:: Material to process ::
------------------------------------------------------------

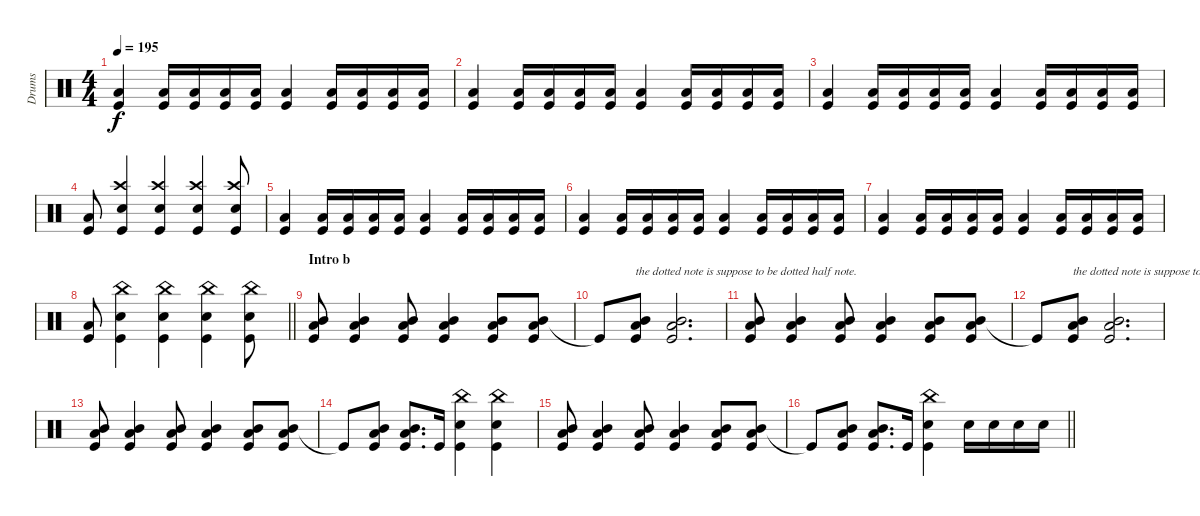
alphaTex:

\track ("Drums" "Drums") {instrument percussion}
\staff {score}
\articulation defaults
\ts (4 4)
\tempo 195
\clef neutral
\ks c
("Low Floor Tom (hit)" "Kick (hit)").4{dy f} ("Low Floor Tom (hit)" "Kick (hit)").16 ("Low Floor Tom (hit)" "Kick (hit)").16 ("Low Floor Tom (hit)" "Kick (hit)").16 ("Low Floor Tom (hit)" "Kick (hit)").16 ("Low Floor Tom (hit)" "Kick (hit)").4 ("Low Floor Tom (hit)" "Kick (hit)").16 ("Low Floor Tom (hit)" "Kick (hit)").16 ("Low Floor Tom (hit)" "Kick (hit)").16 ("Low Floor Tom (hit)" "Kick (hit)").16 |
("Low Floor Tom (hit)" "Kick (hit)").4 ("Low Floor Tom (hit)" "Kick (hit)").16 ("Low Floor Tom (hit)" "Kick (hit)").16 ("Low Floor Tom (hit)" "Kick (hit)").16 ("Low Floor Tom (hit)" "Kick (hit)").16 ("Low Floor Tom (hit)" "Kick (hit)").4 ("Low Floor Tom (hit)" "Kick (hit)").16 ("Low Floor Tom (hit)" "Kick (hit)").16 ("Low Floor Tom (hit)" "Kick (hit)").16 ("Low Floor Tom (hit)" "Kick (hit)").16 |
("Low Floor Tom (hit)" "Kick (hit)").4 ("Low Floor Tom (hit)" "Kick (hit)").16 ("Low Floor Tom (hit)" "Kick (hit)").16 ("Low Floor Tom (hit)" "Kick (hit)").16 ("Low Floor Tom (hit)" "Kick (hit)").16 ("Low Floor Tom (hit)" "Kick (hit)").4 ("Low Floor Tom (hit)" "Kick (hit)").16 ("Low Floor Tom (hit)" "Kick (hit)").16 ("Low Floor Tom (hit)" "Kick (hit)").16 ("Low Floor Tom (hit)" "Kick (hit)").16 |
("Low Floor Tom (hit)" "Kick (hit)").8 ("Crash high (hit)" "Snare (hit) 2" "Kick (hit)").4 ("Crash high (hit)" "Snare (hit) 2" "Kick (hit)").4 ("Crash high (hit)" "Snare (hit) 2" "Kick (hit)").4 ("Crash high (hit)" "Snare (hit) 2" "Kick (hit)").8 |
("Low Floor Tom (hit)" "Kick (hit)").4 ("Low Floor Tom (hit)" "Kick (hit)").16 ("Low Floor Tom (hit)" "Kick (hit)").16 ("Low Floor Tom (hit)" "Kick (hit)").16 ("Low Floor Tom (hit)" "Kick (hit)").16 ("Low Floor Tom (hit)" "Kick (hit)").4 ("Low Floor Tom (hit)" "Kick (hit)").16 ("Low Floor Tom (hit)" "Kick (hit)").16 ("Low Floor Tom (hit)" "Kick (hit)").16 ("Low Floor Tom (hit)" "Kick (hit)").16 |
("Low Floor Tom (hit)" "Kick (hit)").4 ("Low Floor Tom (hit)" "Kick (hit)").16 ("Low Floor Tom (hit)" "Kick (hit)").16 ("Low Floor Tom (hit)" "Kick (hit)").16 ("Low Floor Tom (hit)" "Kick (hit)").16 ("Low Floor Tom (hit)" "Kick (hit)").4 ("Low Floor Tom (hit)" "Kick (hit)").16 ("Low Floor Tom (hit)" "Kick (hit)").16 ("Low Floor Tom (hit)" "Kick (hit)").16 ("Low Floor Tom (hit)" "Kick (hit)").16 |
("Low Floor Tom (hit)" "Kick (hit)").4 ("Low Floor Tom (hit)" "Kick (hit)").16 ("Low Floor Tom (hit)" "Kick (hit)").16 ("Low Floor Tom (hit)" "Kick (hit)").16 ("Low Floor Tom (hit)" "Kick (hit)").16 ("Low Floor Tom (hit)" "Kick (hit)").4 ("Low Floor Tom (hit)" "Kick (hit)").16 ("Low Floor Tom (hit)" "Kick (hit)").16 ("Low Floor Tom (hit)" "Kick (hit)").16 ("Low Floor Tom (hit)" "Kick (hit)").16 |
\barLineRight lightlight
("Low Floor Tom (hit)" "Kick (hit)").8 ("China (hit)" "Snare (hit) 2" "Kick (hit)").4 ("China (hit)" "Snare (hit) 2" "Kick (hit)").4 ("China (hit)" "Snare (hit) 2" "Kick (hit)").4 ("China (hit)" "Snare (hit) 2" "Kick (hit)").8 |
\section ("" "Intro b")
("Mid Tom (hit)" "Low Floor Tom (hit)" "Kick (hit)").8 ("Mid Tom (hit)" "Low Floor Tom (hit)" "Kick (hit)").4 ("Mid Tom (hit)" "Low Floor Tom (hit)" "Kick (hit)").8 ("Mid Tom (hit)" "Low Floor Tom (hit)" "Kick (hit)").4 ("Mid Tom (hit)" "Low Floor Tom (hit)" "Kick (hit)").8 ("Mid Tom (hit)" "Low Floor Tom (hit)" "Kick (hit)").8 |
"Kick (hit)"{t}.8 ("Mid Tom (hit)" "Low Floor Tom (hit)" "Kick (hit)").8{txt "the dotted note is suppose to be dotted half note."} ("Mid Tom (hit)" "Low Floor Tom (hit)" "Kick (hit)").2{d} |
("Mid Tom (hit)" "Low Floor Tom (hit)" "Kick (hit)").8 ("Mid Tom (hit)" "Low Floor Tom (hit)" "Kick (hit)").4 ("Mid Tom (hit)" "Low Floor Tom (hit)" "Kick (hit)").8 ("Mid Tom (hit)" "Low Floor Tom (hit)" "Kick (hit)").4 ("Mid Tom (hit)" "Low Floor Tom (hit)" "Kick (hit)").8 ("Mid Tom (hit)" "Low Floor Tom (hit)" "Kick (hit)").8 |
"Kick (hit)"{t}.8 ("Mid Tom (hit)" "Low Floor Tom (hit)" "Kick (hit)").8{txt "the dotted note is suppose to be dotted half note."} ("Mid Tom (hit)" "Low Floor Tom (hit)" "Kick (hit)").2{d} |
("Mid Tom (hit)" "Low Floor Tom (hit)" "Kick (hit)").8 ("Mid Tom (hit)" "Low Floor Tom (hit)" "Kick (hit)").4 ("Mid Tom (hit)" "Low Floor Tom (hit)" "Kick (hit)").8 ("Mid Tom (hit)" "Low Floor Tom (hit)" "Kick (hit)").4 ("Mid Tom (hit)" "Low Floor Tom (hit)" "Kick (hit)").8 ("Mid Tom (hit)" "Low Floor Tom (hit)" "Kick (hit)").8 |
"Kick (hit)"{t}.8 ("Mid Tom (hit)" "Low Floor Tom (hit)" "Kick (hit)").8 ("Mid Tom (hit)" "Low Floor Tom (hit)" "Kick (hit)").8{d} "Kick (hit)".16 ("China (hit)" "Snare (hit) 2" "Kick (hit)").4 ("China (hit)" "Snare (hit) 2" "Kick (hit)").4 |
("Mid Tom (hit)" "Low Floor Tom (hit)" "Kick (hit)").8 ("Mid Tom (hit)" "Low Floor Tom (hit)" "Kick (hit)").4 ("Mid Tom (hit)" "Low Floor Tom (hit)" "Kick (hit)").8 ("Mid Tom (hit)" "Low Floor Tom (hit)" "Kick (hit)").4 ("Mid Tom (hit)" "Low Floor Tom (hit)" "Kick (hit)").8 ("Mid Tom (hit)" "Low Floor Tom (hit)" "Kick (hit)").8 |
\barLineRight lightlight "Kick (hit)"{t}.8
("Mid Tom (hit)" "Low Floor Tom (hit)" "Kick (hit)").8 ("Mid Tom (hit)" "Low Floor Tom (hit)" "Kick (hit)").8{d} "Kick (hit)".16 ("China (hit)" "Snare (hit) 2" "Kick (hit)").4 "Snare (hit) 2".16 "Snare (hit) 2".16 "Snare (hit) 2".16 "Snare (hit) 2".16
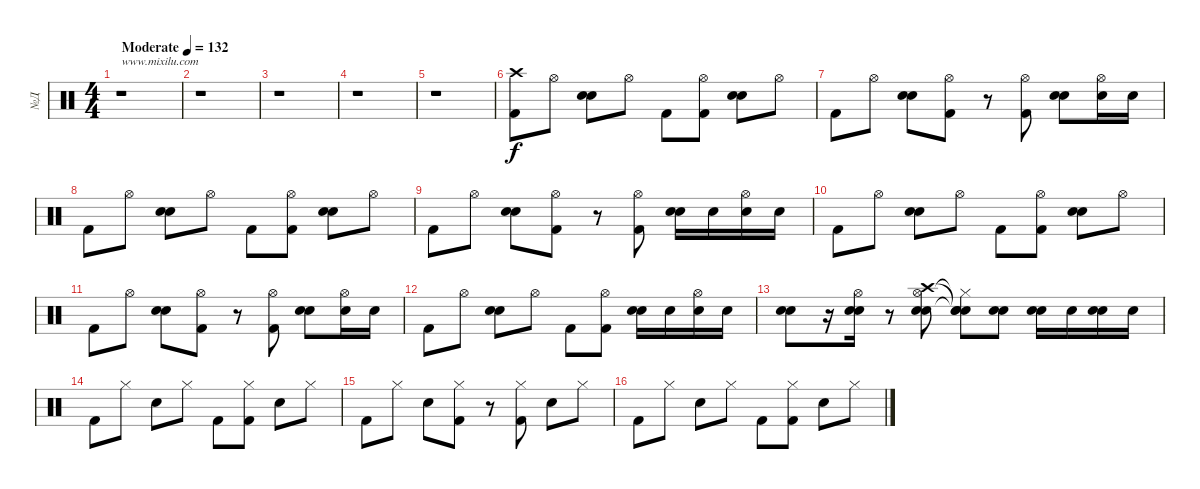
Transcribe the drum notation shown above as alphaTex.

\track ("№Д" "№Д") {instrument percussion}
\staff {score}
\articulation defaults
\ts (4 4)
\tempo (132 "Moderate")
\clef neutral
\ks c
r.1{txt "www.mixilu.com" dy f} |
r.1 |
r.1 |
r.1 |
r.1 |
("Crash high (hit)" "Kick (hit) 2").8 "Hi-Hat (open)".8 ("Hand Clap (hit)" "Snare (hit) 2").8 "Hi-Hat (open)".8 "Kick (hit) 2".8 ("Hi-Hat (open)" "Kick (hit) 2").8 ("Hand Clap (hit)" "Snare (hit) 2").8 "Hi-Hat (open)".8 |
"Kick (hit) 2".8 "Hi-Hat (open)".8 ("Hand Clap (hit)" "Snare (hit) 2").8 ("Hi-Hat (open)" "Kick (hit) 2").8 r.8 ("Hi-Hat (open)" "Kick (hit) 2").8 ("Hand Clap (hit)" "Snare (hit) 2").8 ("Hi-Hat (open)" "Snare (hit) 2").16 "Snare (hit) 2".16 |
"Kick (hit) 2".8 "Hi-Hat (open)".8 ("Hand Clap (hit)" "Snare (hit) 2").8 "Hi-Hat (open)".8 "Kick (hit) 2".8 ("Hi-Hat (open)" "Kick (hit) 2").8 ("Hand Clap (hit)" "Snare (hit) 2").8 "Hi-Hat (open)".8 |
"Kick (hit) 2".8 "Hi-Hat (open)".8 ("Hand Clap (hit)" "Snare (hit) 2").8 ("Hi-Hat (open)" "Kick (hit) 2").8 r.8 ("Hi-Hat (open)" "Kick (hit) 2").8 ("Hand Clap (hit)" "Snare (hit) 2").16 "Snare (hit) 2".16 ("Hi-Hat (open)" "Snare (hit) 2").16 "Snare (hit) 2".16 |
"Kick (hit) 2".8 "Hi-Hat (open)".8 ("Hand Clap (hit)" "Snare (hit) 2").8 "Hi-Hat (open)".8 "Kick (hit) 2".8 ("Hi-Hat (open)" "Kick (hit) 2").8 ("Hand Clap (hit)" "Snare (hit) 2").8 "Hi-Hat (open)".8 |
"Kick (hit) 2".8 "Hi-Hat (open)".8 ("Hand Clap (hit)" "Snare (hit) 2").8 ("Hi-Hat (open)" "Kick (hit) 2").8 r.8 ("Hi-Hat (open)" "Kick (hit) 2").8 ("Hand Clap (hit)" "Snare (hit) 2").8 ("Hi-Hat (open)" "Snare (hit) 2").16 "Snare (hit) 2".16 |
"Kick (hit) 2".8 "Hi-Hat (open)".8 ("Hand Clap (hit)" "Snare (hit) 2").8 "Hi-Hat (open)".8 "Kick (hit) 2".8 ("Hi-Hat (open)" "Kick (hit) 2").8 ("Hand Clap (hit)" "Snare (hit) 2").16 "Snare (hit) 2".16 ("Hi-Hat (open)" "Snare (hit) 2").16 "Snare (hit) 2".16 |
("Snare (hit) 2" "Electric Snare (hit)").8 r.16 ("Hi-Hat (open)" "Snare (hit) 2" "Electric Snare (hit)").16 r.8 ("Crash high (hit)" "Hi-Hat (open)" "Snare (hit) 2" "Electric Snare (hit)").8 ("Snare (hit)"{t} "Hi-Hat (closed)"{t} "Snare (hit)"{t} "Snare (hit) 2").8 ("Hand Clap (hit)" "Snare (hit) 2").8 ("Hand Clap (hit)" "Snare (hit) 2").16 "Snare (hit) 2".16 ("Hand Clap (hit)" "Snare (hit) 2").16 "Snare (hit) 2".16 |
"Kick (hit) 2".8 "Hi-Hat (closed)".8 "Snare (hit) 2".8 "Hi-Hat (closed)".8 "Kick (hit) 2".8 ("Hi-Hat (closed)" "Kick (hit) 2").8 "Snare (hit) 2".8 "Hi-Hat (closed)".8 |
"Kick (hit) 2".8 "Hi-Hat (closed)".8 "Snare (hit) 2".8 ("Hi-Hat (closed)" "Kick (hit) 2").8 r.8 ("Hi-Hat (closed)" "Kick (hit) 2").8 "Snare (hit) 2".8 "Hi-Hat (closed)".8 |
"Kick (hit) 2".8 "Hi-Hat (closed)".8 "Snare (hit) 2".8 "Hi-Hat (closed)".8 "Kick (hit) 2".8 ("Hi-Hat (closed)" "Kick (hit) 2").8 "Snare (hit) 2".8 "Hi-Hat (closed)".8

------------------------------------------------------------

:: What is being asked ::
Return all lines from the data that include the string "Crash".

:: Output of the task ::
("Low Floor Tom (hit)" "Kick (hit)").8 ("Crash high (hit)" "Snare (hit) 2" "Kick (hit)").4 ("Crash high (hit)" "Snare (hit) 2" "Kick (hit)").4 ("Crash high (hit)" "Snare (hit) 2" "Kick (hit)").4 ("Crash high (hit)" "Snare (hit) 2" "Kick (hit)").8 |
("Crash high (hit)" "Kick (hit) 2").8 "Hi-Hat (open)".8 ("Hand Clap (hit)" "Snare (hit) 2").8 "Hi-Hat (open)".8 "Kick (hit) 2".8 ("Hi-Hat (open)" "Kick (hit) 2").8 ("Hand Clap (hit)" "Snare (hit) 2").8 "Hi-Hat (open)".8 |
("Snare (hit) 2" "Electric Snare (hit)").8 r.16 ("Hi-Hat (open)" "Snare (hit) 2" "Electric Snare (hit)").16 r.8 ("Crash high (hit)" "Hi-Hat (open)" "Snare (hit) 2" "Electric Snare (hit)").8 ("Snare (hit)"{t} "Hi-Hat (closed)"{t} "Snare (hit)"{t} "Snare (hit) 2").8 ("Hand Clap (hit)" "Snare (hit) 2").8 ("Hand Clap (hit)" "Snare (hit) 2").16 "Snare (hit) 2".16 ("Hand Clap (hit)" "Snare (hit) 2").16 "Snare (hit) 2".16 |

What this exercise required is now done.